La FAO et des spécialistes ont lancé lundi un cri d'alarme face à la résurgence de la jaunisse fusarienne, une maladie ravageuse pour les plantations de banane, qui pourrait se propager à l'Amérique latine, l'un des principaux producteurs de la planète.

D'ores et déjà signalée en Asie, en Afrique et au Moyen-Orient, cette maladie qui prend la forme d'un champignon très résistant endommage fortement les bananiers en réduisant leur production sans pour autant nuire à la comestibilité du fruit.

Aussi appelée «maladie de Panama», la jaunisse fusarienne «pourrait avoir de sérieuses conséquences pour les planteurs, les négociants et les familles qui tirent leurs moyens d'existence de la filière bananière», a mis en garde Fazil Dusunceli, un phytopathologiste de la FAO, cité dans le communiqué de l'organisation.

«Plus de 100 000 hectares sont pour le moment contaminés», a révélé à l'AFP Gert Kema, directeur du programme de recherche sur la banane mené par l'Université de Wageningen aux Pays-Bas et responsable du site panamadisease.org.

La souche dite TR4 de la maladie infecte principalement les bananes Cavendish, qui avec une présence à hauteur de 47% est la variété la plus commercialisée dans le monde.

Dans les années 50 puis en 1992, la maladie avait déjà frappé causant des dégâts économiques énormes, respectivement de 2,3 milliards de dollars et 400 millions de dollars, selon le site panamadisease.org.

Avec ses 17 millions de tonnes de bananes en circulation (pour une production totale de 130 millions de tonnes, dont la plupart consommés sur place), le commerce international de ce fruit tropical s'élève aujourd'hui à 7 milliards de dollars par an, selon les statistiques de l'organisation onusienne installée à Rome.

La banane est la huitième culture alimentaire mondiale et la quatrième dans les pays les moins avancés, selon la FAO.

«L'Europe et les États-Unis (le plus gros marché avec une consommation de quasi 12 kg par an par Américain, NDLR) sont principalement alimentés par la production latino-américaine. Ils ne sont donc pas encore affectés», explique M. Kema.

Avant de se montrer plus alarmiste: «La question n'est pas de savoir si l'Amérique Latine sera touchée, mais plutôt quand elle le sera"

La Colombie et l'Équateur sont les plus gros producteurs au monde de bananes.

Alors qu'il n'existe aucun remède pour l'éradiquer, la maladie continue à se diffuser à travers la planète véhiculée par les humains et les moyens de transports.
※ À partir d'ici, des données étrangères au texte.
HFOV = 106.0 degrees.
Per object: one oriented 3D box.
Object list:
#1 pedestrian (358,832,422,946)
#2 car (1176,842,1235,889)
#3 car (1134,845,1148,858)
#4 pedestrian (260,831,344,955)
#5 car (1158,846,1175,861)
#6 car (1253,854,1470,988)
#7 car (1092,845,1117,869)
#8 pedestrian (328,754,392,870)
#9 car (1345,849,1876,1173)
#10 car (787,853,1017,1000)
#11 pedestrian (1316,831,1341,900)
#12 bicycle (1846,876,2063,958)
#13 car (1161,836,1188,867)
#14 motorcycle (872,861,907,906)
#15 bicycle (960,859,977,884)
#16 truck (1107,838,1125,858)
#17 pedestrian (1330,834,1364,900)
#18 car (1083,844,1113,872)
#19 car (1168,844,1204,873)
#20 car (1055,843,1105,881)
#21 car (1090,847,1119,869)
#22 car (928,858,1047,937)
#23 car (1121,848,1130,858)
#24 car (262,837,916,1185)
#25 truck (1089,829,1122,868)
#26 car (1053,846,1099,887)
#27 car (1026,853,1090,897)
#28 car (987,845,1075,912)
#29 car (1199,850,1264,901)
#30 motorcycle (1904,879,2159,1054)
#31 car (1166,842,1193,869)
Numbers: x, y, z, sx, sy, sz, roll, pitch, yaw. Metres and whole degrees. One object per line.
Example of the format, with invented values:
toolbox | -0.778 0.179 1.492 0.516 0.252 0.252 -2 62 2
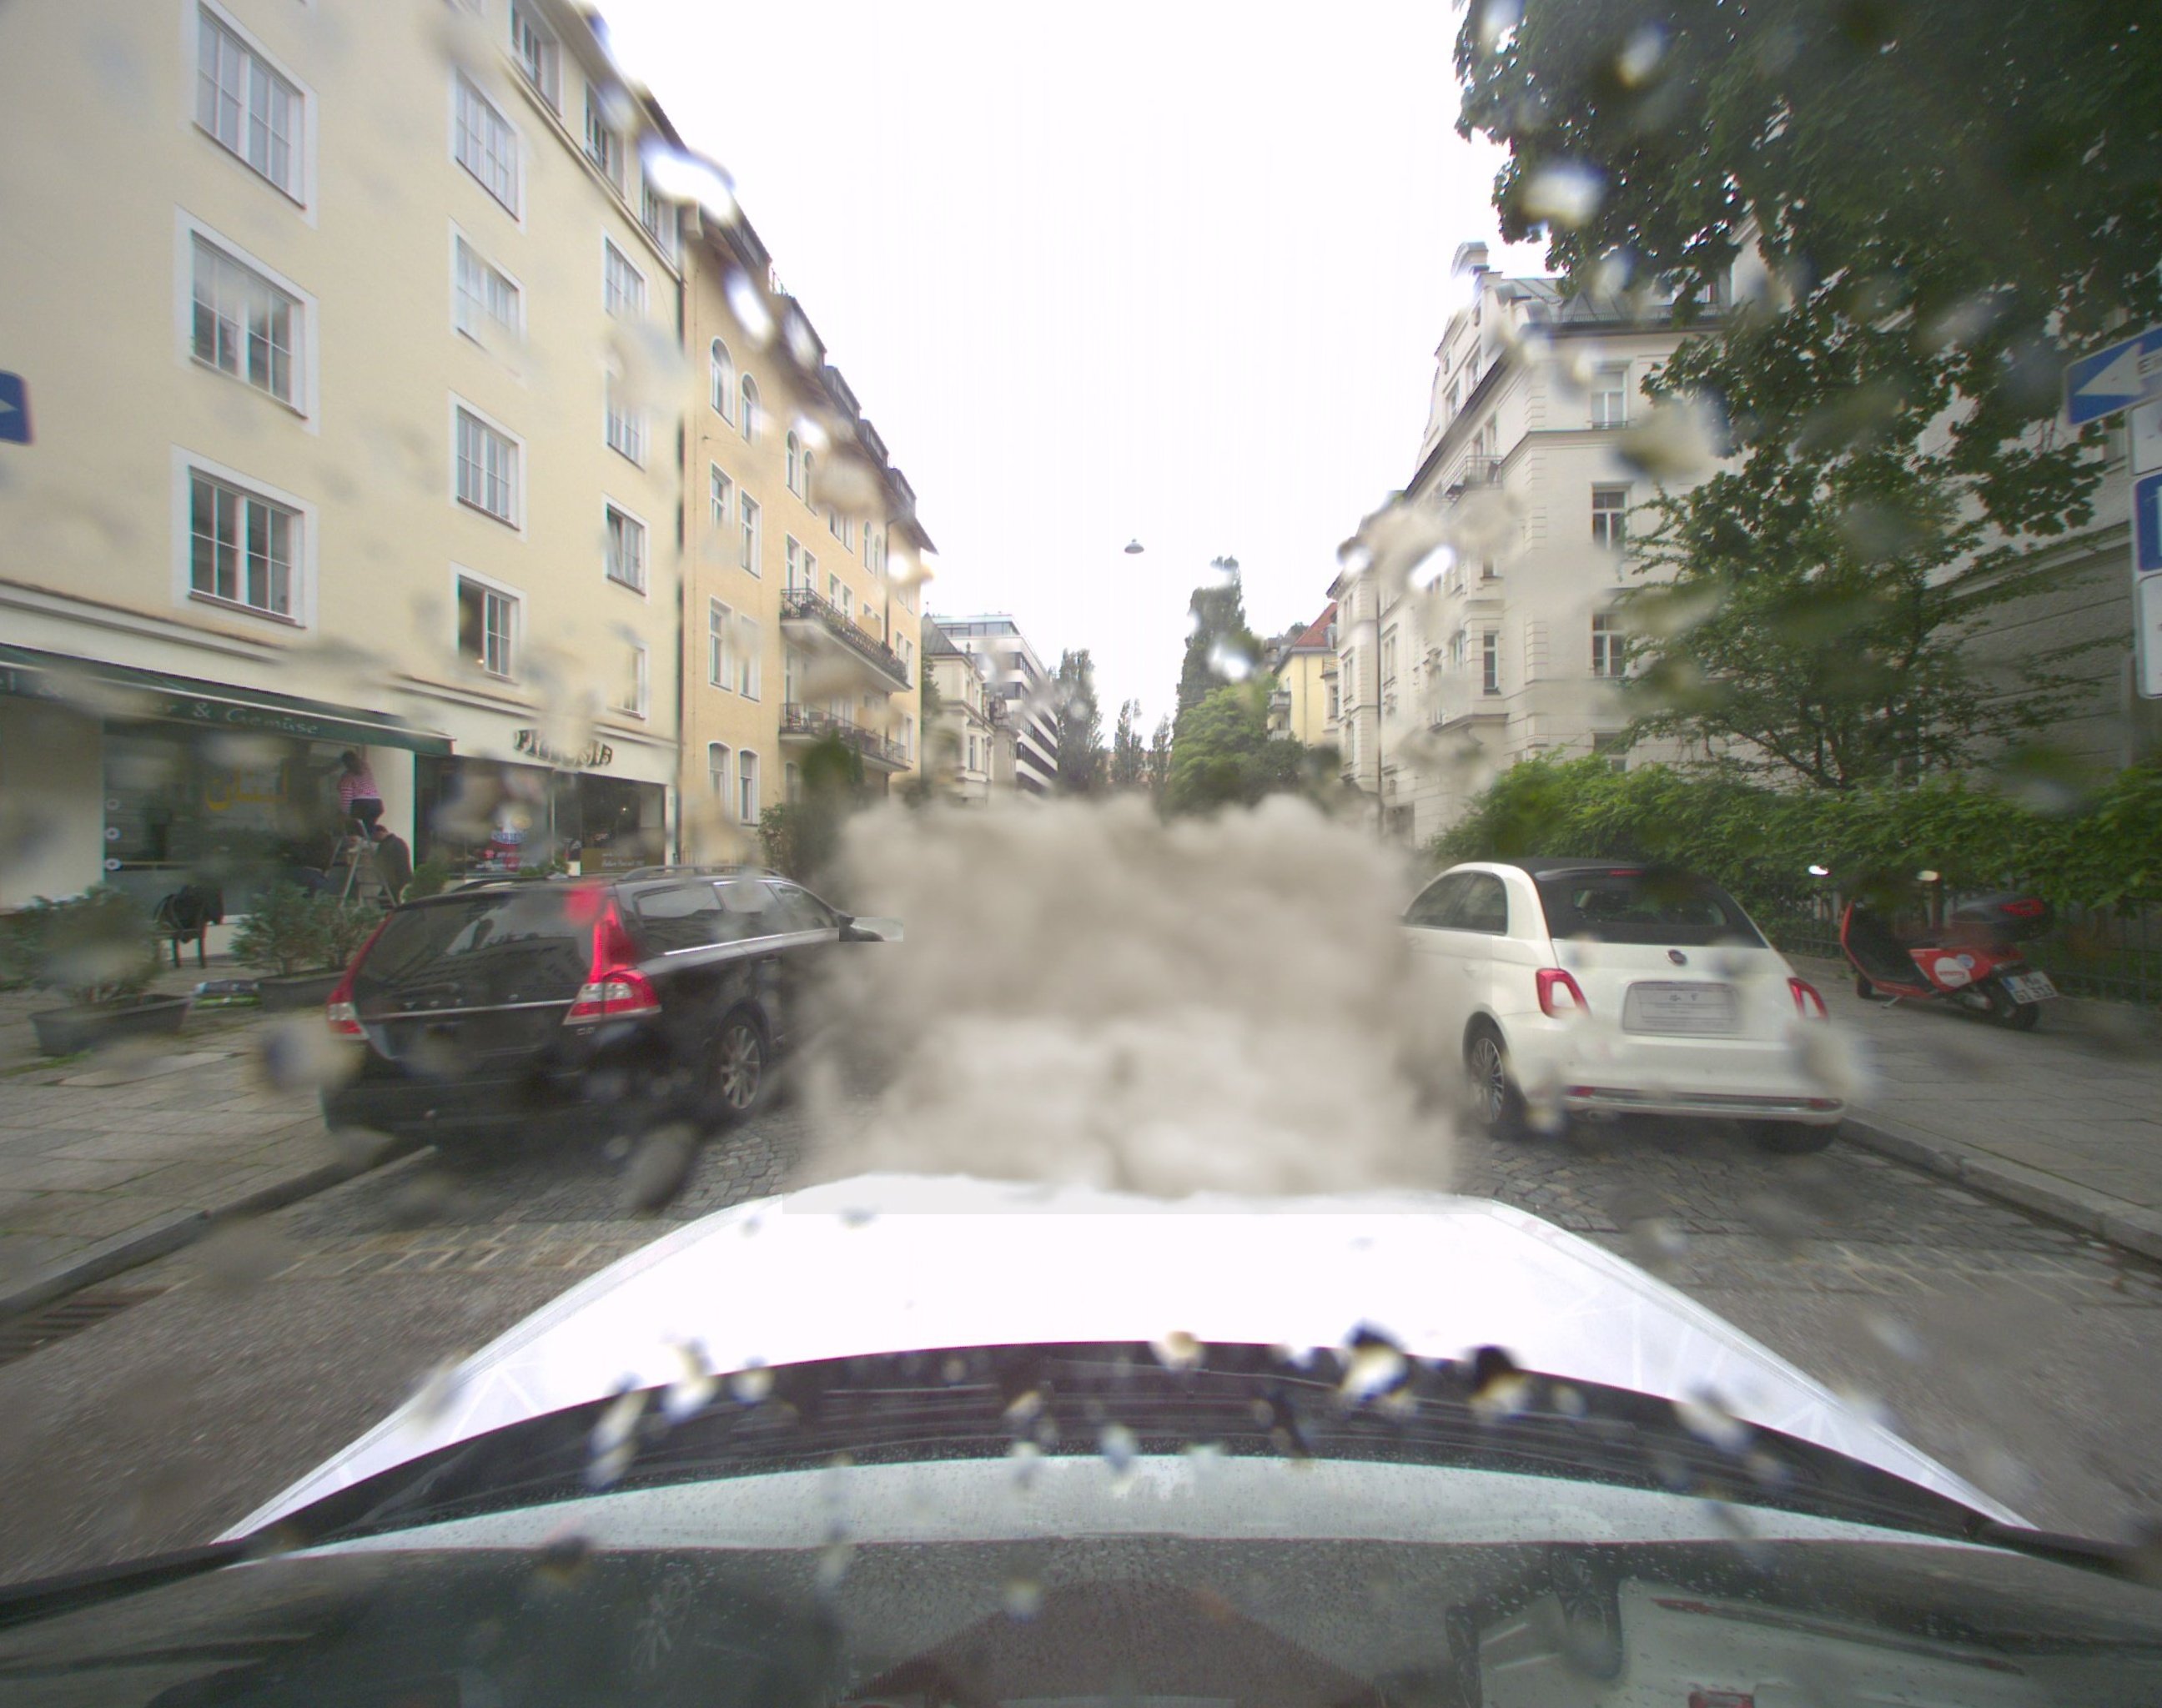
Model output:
pedestrian | -10.459 0.520 12.337 0.459 1.690 0.575 0 0 4
car | 4.721 0.466 31.493 1.866 1.673 5.497 0 -1 5
car | 8.858 -0.325 120.202 1.987 1.936 4.006 0 0 5
pedestrian | -10.632 0.517 11.129 0.519 1.642 0.630 0 0 4
car | 8.691 -0.034 82.752 1.593 1.486 3.482 0 0 4
car | 3.648 0.757 11.503 1.641 1.422 4.636 3 0 3
car | 1.845 0.209 63.337 1.886 1.751 4.171 -1 0 2
pedestrian | -10.383 -0.589 11.737 0.474 1.642 0.498 0 0 8
car | 3.039 0.723 5.654 1.494 1.471 3.801 -1 0 5
car | -2.126 0.790 11.090 1.766 1.536 4.546 -2 0 4
pedestrian | 6.769 0.307 22.282 0.572 1.850 0.684 -1 0 11
bicycle | 10.469 0.710 9.902 0.488 0.812 2.279 0 0 8
car | 8.057 -0.274 70.328 1.887 2.426 5.617 3 1 3
motorcycle | -5.292 0.802 22.618 0.489 1.194 1.581 -1 0 4
bicycle | -4.697 0.729 34.080 0.350 1.003 1.575 0 0 6
truck | 4.213 -0.761 98.196 1.984 2.346 4.073 0 0 4
pedestrian | 7.431 0.348 22.759 0.630 1.808 0.656 0 0 -19
car | 1.170 0.264 52.842 1.766 1.717 4.395 0 0 3
car | 6.574 0.265 51.620 1.954 1.759 4.959 0 0 4
car | 0.026 0.348 39.644 1.973 1.737 4.729 0 1 5
car | 1.714 0.280 58.107 1.932 1.459 4.061 0 0 3
car | -1.716 0.763 16.326 1.767 1.359 4.392 0 0 1
car | 6.760 -0.188 124.000 1.271 1.541 3.122 0 0 4
car | -2.752 0.716 6.114 1.844 1.586 4.751 0 0 3
truck | 2.141 -0.511 69.458 2.498 3.031 6.390 -2 1 3
car | -0.156 0.501 34.606 1.572 1.590 4.061 -2 0 4
car | -0.711 0.674 28.363 1.765 1.429 4.396 0 0 4
car | -1.255 0.595 22.246 1.765 1.647 4.397 0 0 5
car | 4.755 0.630 26.106 1.623 1.469 3.663 2 0 4
motorcycle | 6.871 0.748 5.982 0.360 1.090 1.406 0 0 7
car | 7.757 0.097 64.694 1.792 1.949 4.865 2 0 4

Selon la FAO, la meilleure manière de combattre efficacement la jaunisse fusarienne est d'en prévenir la propagation.

Dans ce sens, Gianluca Gondolini, secrétaire du Forum mondial de la banane auprès de la FAO, préconise «d'augmenter les contrôles gouvernementaux, l'inspection des voyageurs en provenance de zones infectées. La sensibilisation et la formation doivent être renforcées, et les moyens de diagnostic développés.»

«La meilleure mesure de prévention reste la quarantaine», ajoute Gert Kema, avant de préciser la nécessité absolue pour les producteurs «de se laver les pieds, les bottes et leurs véhicules à l'intérieur et hors de leurs exploitations agricoles».

Une série de réunions en présence de scientifiques sont prévues au Kenya, en Afrique du Sud et à la Trinité-et-Tobago, dans les prochains jours pour préparer un plan d'action afin d'endiguer l'épidémie et d'anticiper de futures crises.

«De nouvelles espèces de bananes plus résistantes à ce genre de pandémie sont à l'étude», confie Gert Kema.

Ainsi la banane Goldfinger, imperméable à la «maladie de Panama», a déjà été créée par des chercheurs en génétique. Problème: elle aurait un goût de pomme.

«Il faudra des années de recherche pour obtenir un résultat satisfaisant», selon le spécialiste hollandais.